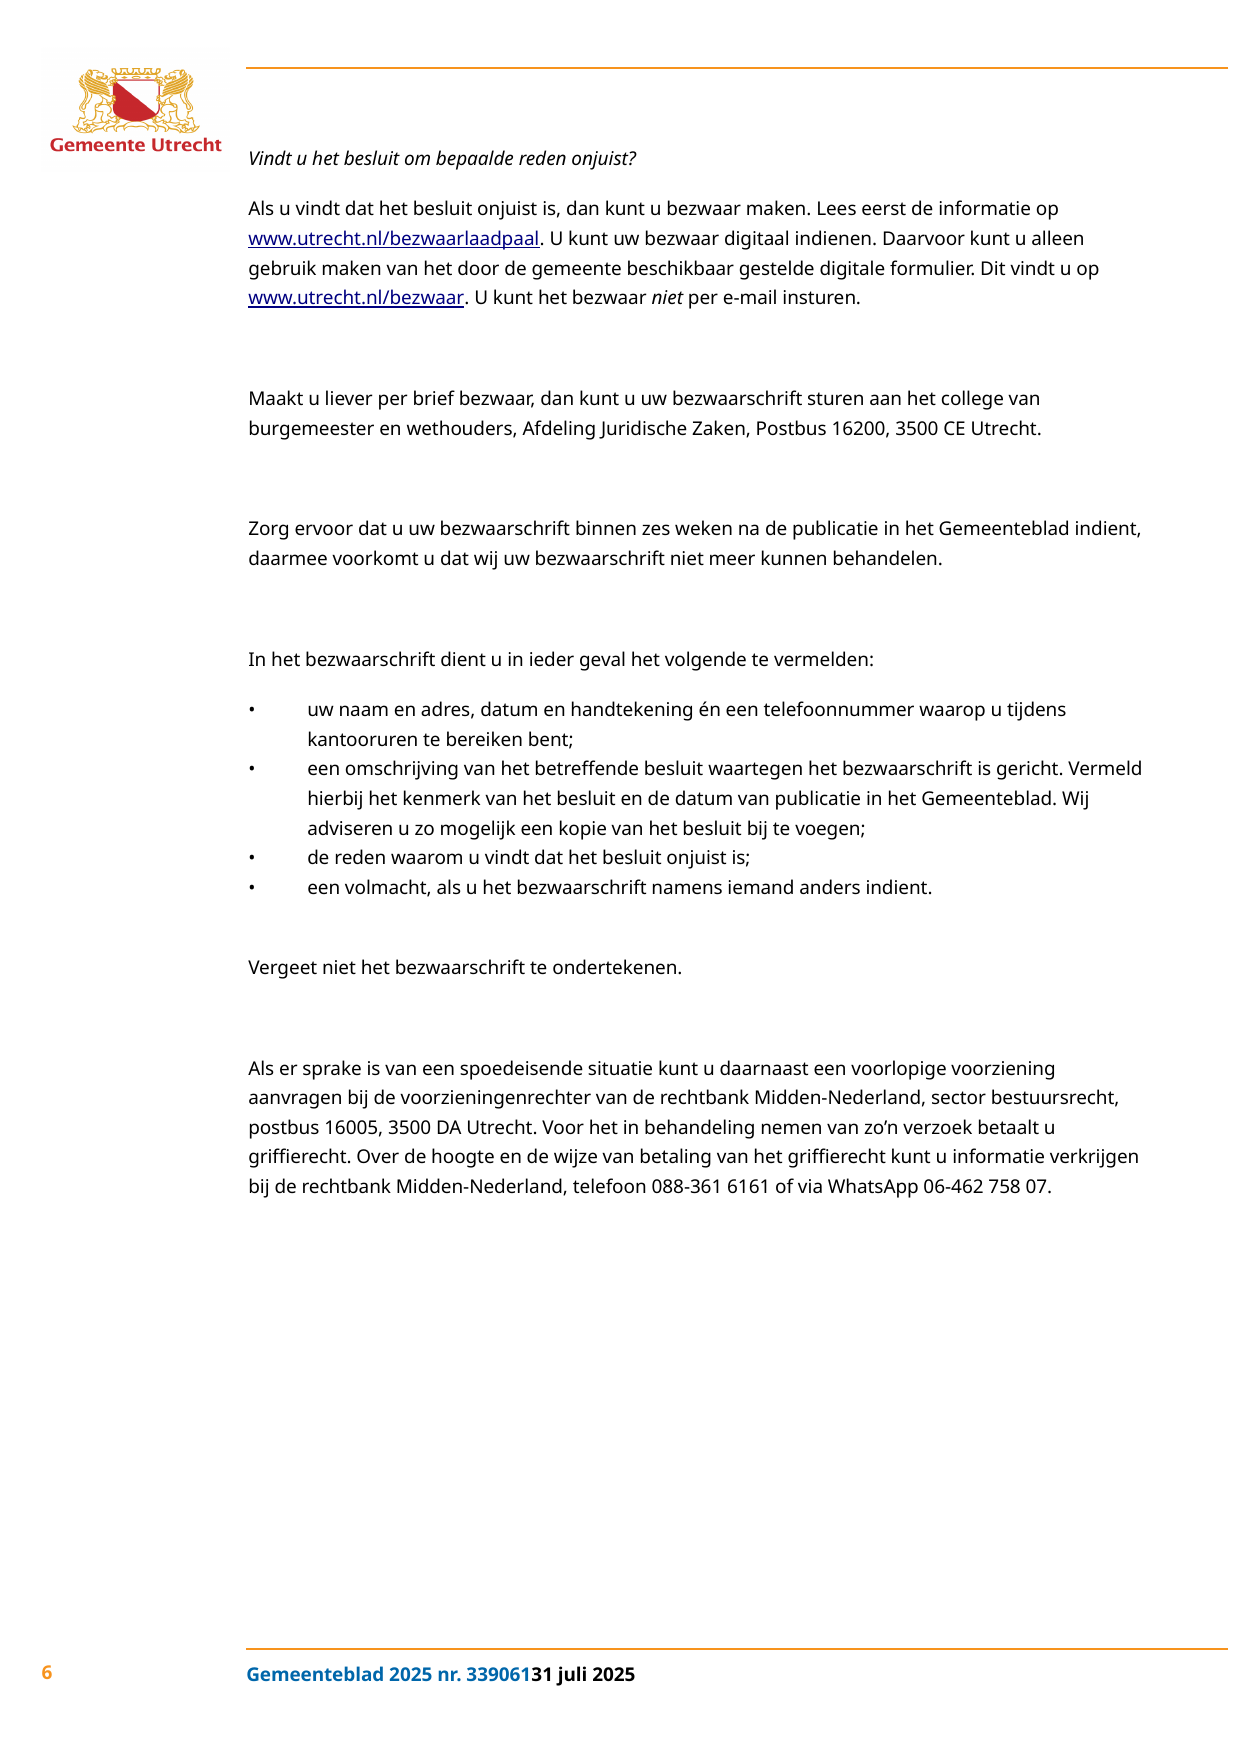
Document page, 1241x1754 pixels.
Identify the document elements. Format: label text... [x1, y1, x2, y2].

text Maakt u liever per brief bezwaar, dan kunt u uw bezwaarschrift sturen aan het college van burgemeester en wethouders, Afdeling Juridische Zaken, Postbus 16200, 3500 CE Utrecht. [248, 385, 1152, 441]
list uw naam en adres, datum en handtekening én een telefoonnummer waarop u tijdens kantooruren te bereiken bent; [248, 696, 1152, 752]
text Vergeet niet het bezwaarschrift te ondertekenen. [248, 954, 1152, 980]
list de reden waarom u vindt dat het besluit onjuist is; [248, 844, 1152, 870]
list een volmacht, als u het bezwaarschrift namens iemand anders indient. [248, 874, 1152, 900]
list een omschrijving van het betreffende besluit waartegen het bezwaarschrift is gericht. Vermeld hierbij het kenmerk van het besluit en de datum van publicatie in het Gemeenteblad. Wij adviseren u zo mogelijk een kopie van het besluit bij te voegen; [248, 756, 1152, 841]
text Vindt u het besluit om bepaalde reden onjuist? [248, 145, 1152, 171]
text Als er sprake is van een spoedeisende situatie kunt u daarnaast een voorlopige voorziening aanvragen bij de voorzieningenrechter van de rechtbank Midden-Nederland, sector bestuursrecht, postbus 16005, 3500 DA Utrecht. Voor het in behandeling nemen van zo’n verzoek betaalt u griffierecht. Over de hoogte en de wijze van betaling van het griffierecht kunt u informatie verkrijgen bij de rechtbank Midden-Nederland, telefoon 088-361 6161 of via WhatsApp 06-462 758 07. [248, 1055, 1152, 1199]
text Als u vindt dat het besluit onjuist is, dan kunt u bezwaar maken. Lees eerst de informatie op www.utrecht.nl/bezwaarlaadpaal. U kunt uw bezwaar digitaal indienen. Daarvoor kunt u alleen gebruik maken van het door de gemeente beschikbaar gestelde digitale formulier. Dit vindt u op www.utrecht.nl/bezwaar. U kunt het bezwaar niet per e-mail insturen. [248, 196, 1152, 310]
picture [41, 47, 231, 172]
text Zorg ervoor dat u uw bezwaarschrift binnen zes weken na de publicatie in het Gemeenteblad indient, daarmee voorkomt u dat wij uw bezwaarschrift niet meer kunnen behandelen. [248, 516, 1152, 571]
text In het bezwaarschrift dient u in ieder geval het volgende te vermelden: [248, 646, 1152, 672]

※ ※ ※

A line belongs in the answer if it contains the word "datum"; please copy each such line from the material.

list uw naam en adres, datum en handtekening én een telefoonnummer waarop u tijdens kantooruren te bereiken bent; [248, 696, 1152, 752]
list een omschrijving van het betreffende besluit waartegen het bezwaarschrift is gericht. Vermeld hierbij het kenmerk van het besluit en de datum van publicatie in het Gemeenteblad. Wij adviseren u zo mogelijk een kopie van het besluit bij te voegen; [248, 756, 1152, 841]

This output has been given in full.